Continuing on from our previous article concerning pre-immigration planning, this article will explain the tax rules by which an individual seeking to renounce his or her U.S. citizenship or green card status may be affected.
To relinquish U.S. citizenship or a green card, a formal act of relinquishment is required. Therefore, a green card holder who moves outside the U.S. will continue to be treated as a U.S. resident for tax purposes until he or she formally relinquishes green card status or it is rescinded by the government. A U.S. citizen residing outside the U.S. will have to formally relinquish his or her citizenship in order to be removed from the U.S. tax system. As a general rule, termination of U.S. residency becomes effective on the last day of the calendar year in which the status was relinquished. However, under certain circumstances, termination may be effective midyear.
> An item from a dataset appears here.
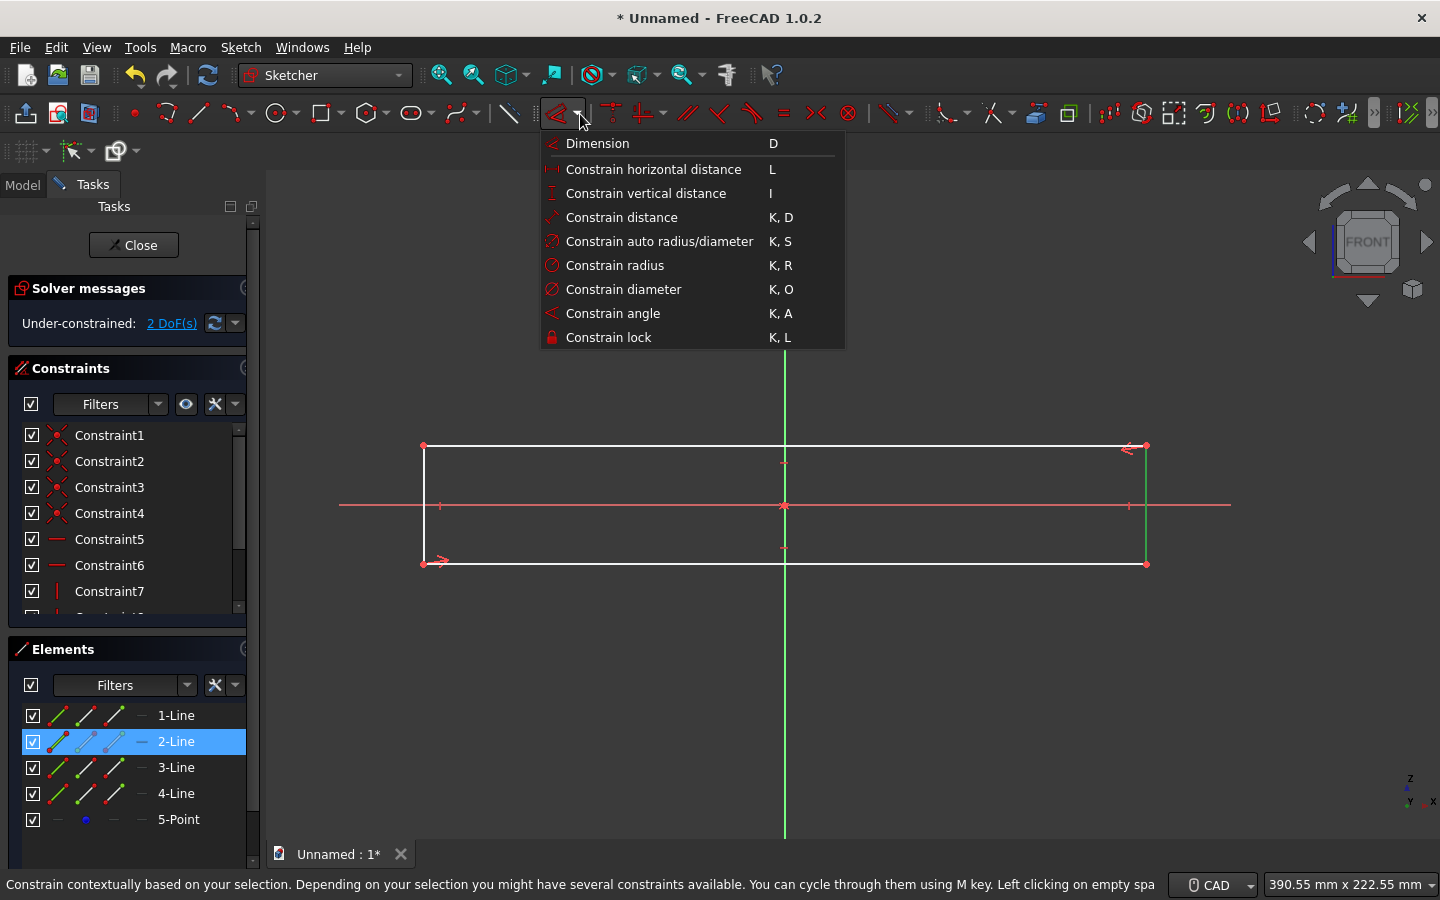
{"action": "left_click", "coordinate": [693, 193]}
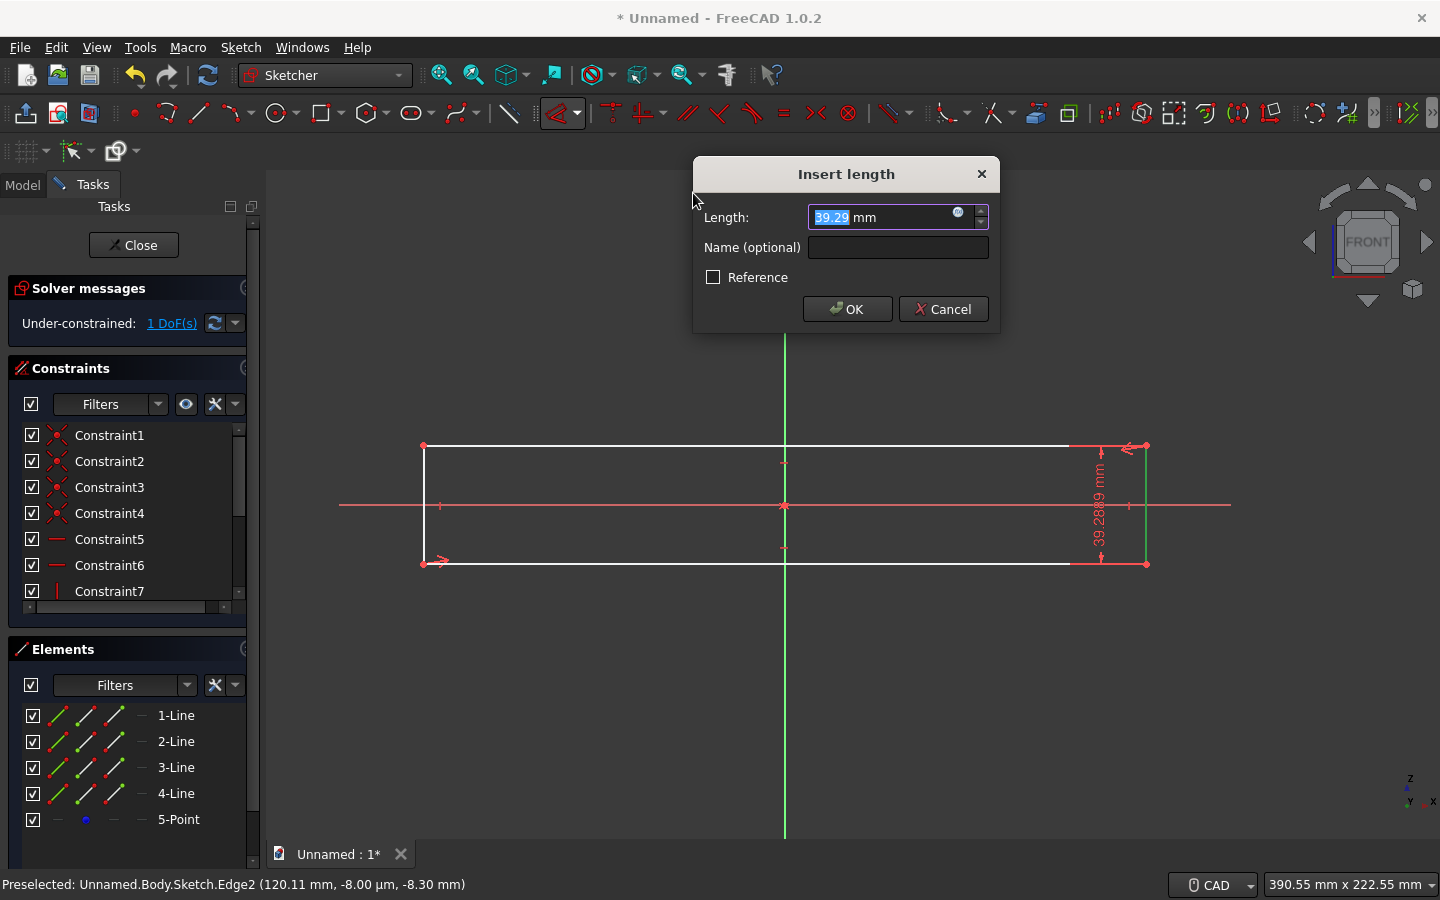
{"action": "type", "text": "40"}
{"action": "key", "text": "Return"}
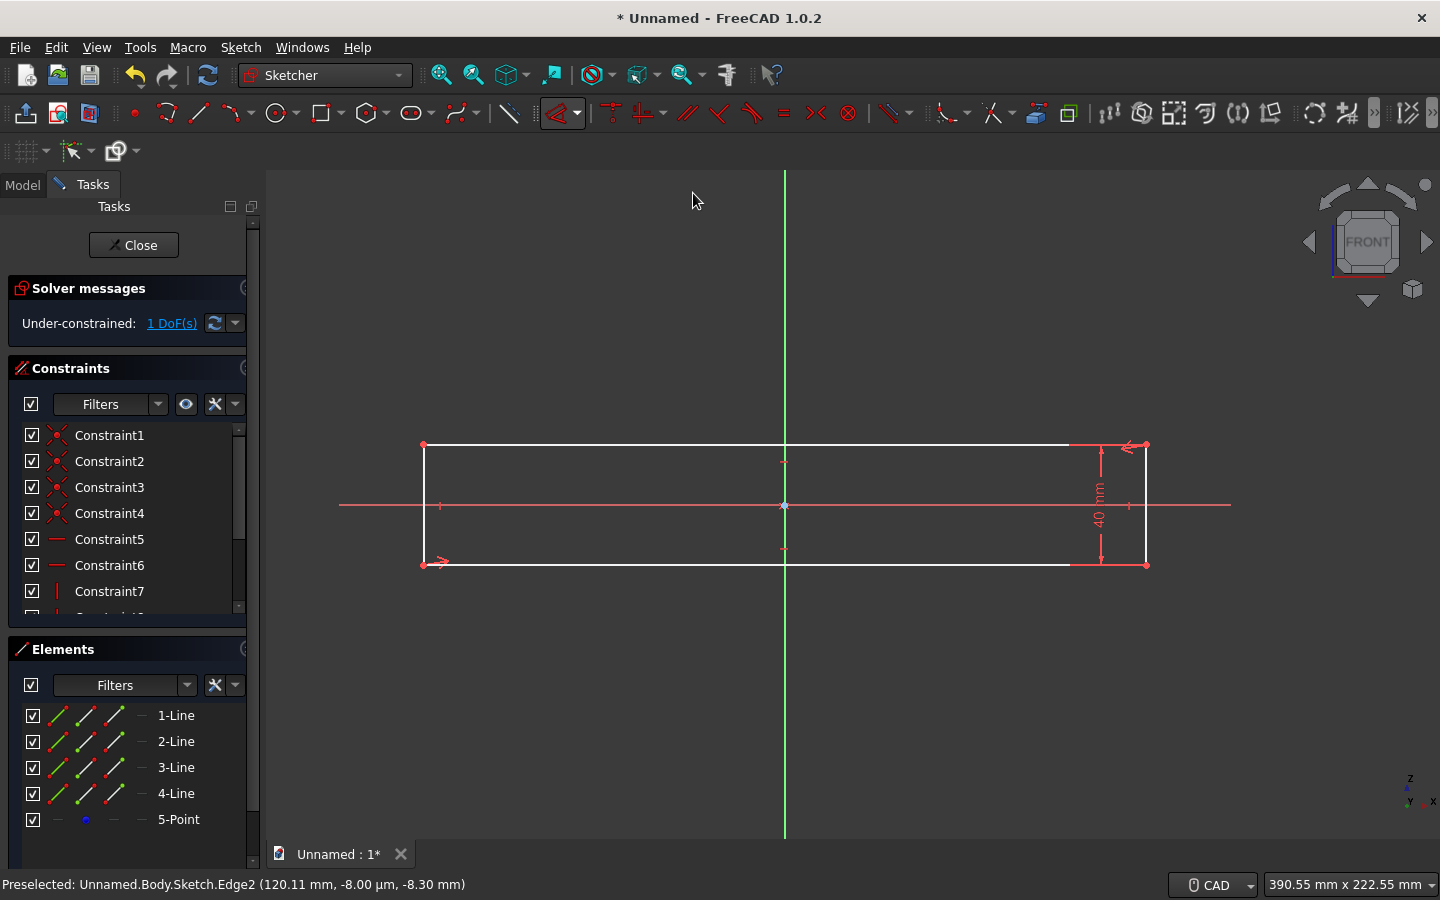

Upon expatriation, should an individual be considered a “covered expatriate,” he or she may be subject to an exit tax, and following expatriation, any gifts and bequests made by such an individual may be subject to a succession tax in the case of U.S.-resident recipients.
For planning purposes, U.S. citizens wishing to relinquish their citizenship should determine if they are covered expatriates prior to undertaking any such action. Green card holders wishing to relinquish green card status must first determine if they are treated as long-term residents. If so treated, green card holders should determine if they are covered expatriates under the same tests applicable to U.S. citizens.